Phantom Pains
Page 12
My gut dropped to my knees. Apparently the ace I’d thought I had up my sleeve was actually a poisonous snake.
14
“What are you doing?” I snapped at Winterglass. “Just tell Alvin what happened. You were the one who figured half of it out.”
Winterglass gave me an incredulous look. “What madness is this? You know I am a poor accomplice in fiction.”
My heart started to hammer in my chest. “What the fuck is going on?

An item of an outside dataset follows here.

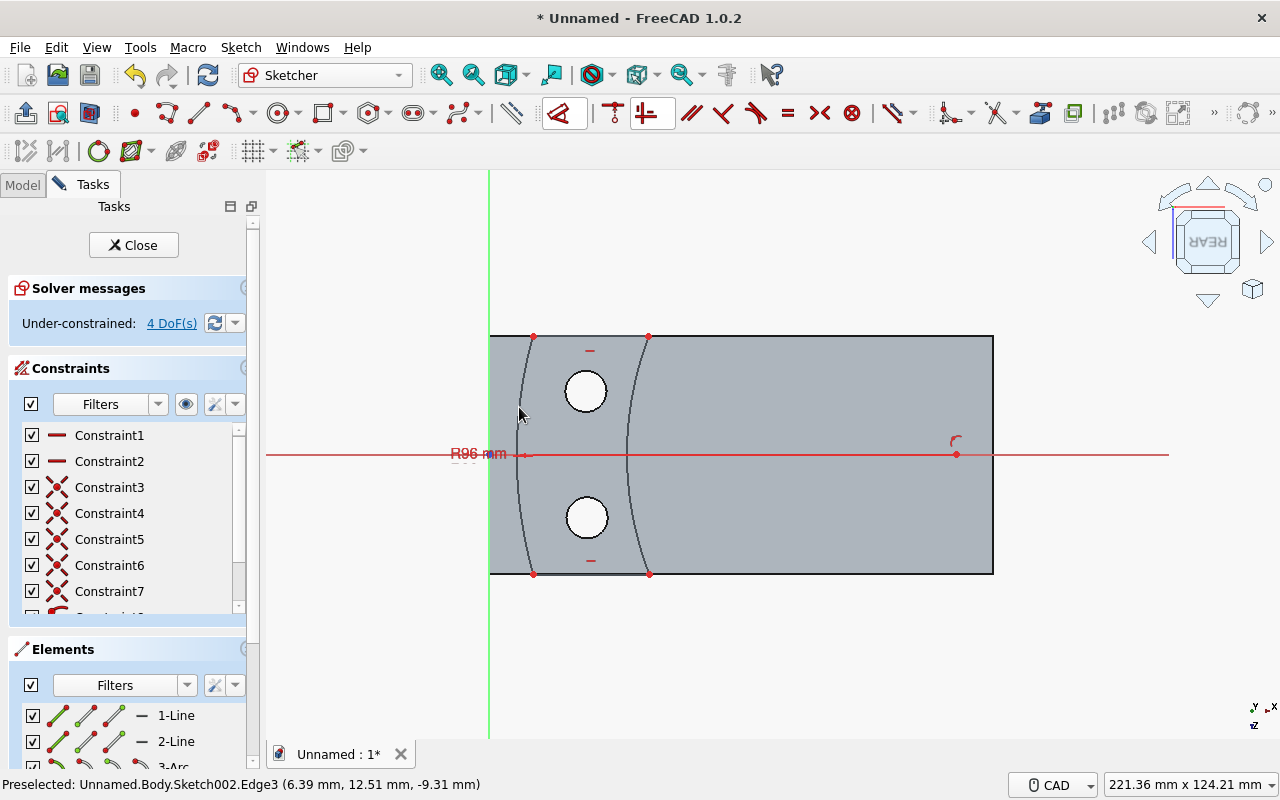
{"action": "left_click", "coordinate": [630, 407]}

Claybriar, what is he doing?”
“Millie,” said Claybriar gently, “you know I’d help if I could, but I was out like a light for most of it.”
“But you were wide awake!” I said to Winterglass, hearing my voice start to rise in both pitch and volume. “You were right there! Just tell him!”
“Please do,” said Alvin. “I would like to hear your version of events.”
“We entered the soundstage,” said Winterglass. “There was, in fact, a haunting; I witnessed its effect on Claybriar. He thought he heard his sister in the well. Millie attempted to pull him away, and he attacked her, pushing her down onto the floor.”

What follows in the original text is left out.